裸眼視力0.3未満の子ども(小中高生)の割合

裸眼視力0.3未満の子ども(小中高生)の割合

 ▽視力矯正で進行抑制

 目に入ってくる光は、眼球の角膜と水晶体という二つのレンズを介して屈折(ピント調整)し、目の奥にある網膜で焦点を結ぶ。その情報が視神経を通り、脳に伝わることで、物体が認識される。近視は、「眼軸」といわれる眼球の奥行き(眼球の角膜から網膜までの長さ)が伸びてしまう状態であるため、網膜よりも手前で焦点を結んでしまい、像がぼやけて見えることになる。

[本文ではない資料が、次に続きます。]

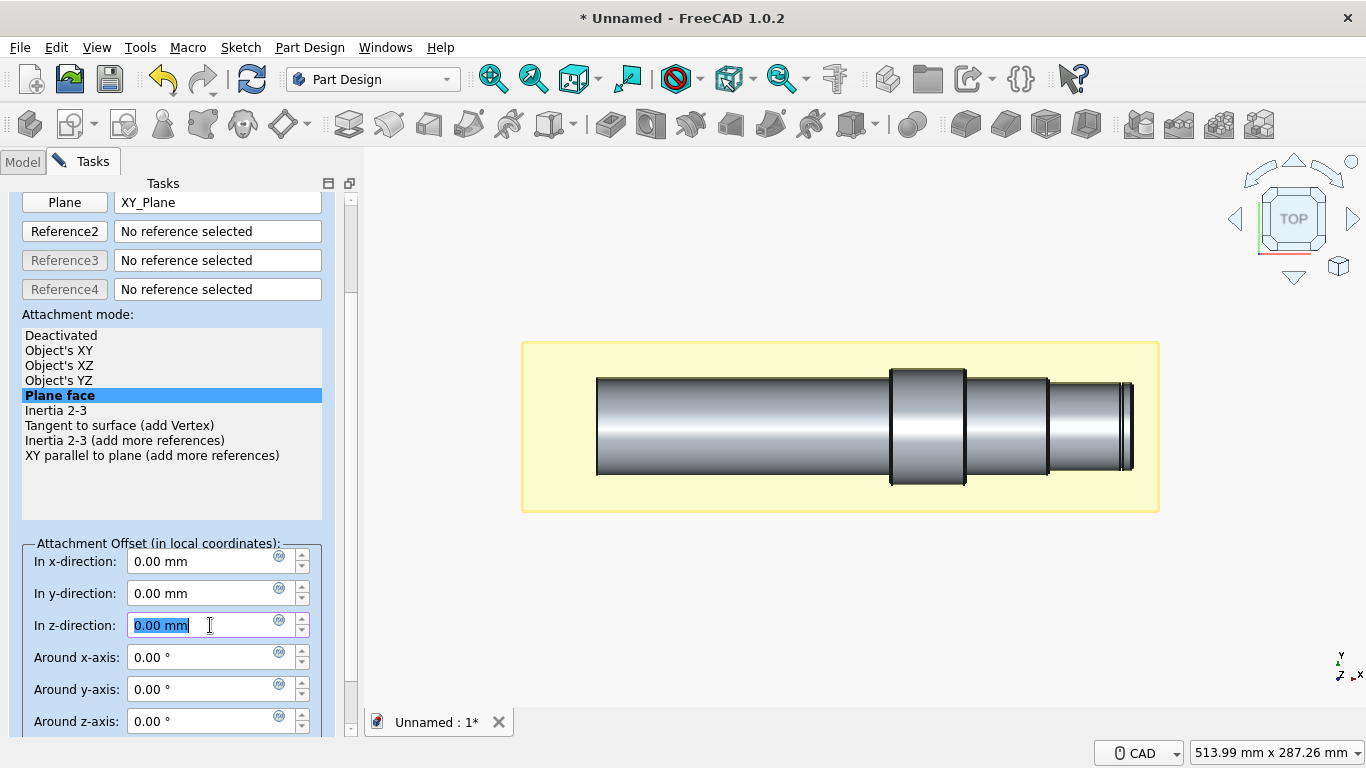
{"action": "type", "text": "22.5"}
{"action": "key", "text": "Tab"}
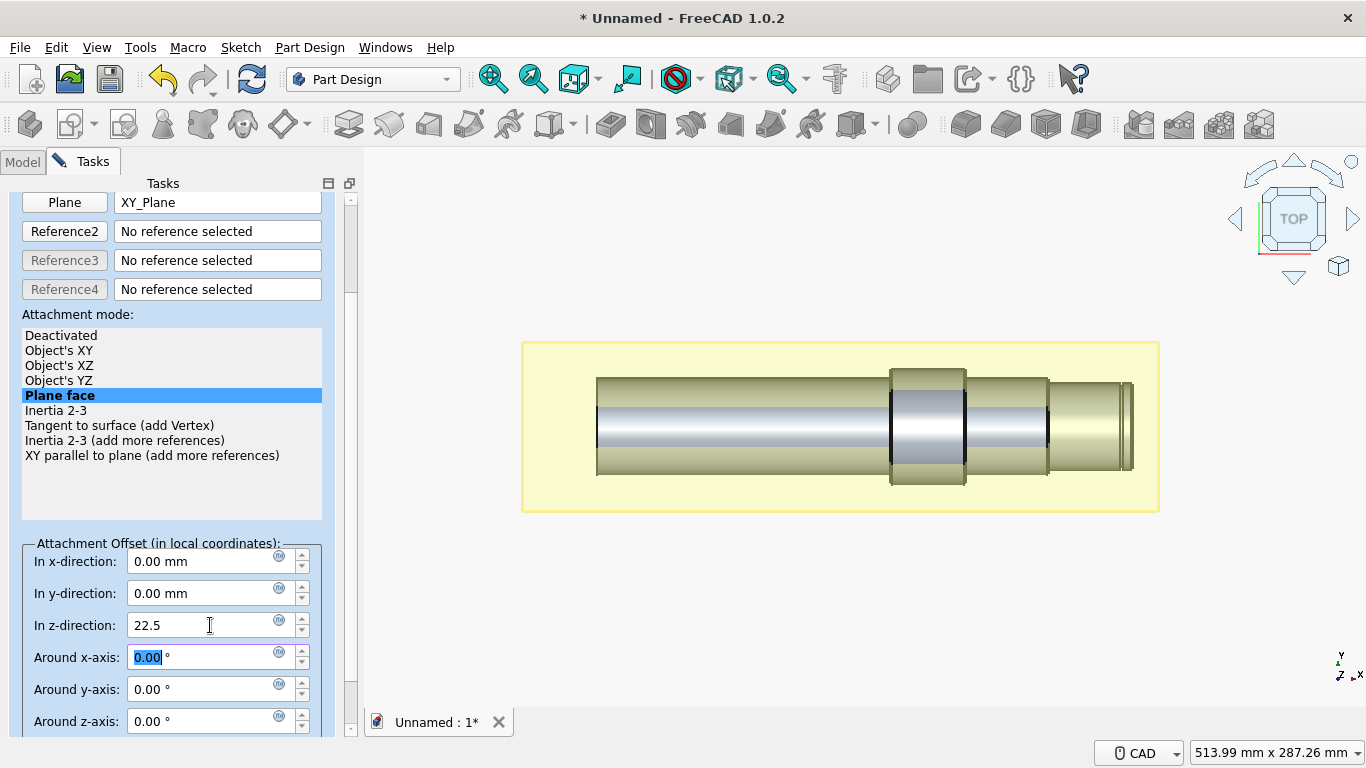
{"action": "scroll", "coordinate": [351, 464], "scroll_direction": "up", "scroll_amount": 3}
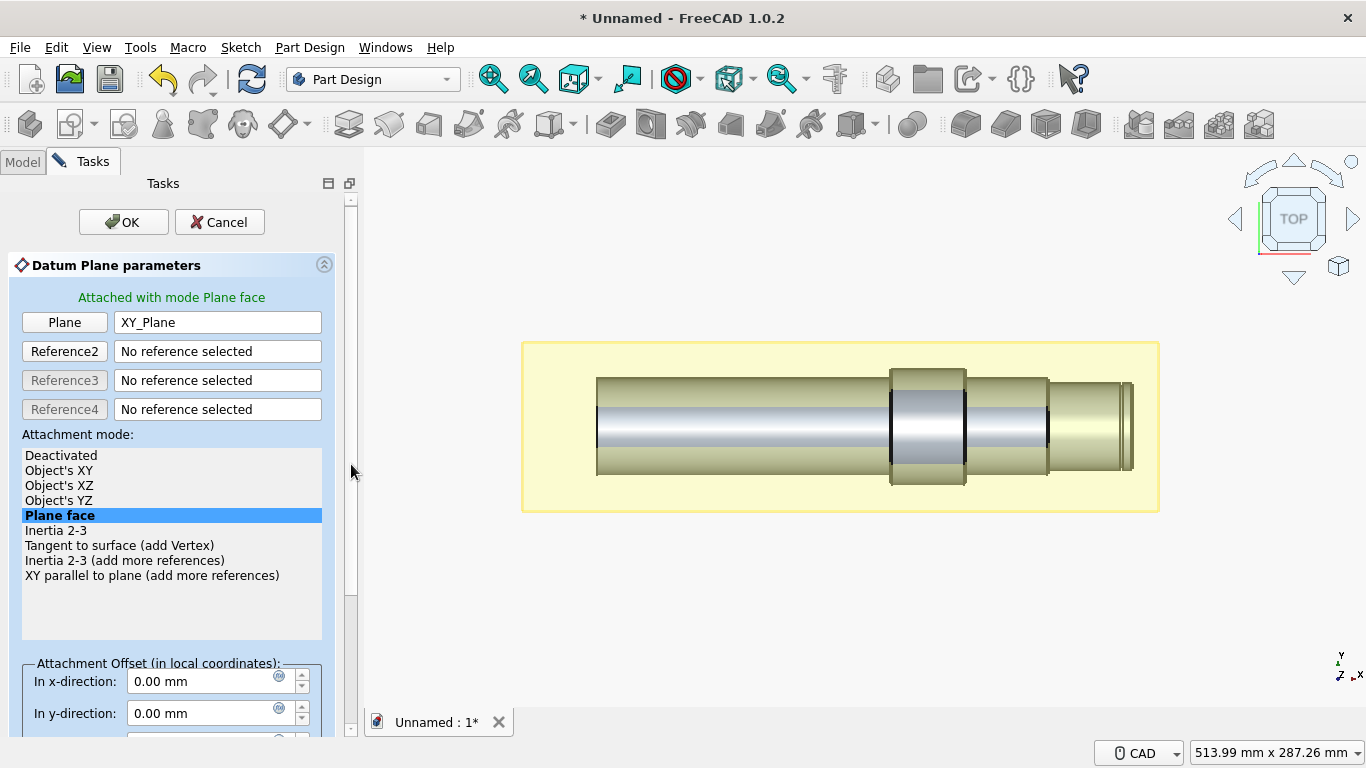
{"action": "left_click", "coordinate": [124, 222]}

 東診療部長は「赤ちゃんは眼軸が短く、遠視の状態で生まれてきます。成長とともに眼軸は伸び、小学校に入学する頃に遠視がなくなって正視(自然に網膜に焦点が結ぶ状態)になるのです。ところが、そのまま眼軸が伸び続けてしまうと正視から近視になります」と説明する。

 その原因は定かではないが、近視が途上国よりも先進国に多いことから、東診療部長は「特に、スマホなどの画面を長時間見続ける現代人の生活が大きく影響していると考えられます。これが子どもにも広まったことが大きな要因です」と危機感を募らせる。

 ▽仮性近視の可能性も

 近視は進行が緩やかな上、子どもは目の疲れを感じにくく、近視に気付きにくい。その点、小学校に入学する直前に行われる就学時健診は、視力異常の早期発見に重要な役割を果たしている。「ただし、子どもの場合、目の緊張により視力が下がったように見える『仮性近視(調節緊張)』の可能性があります。検査後すぐに眼鏡を作るのではなく、まずは眼科を受診して正確な診断を受けてください」と東診療部長は呼び掛ける。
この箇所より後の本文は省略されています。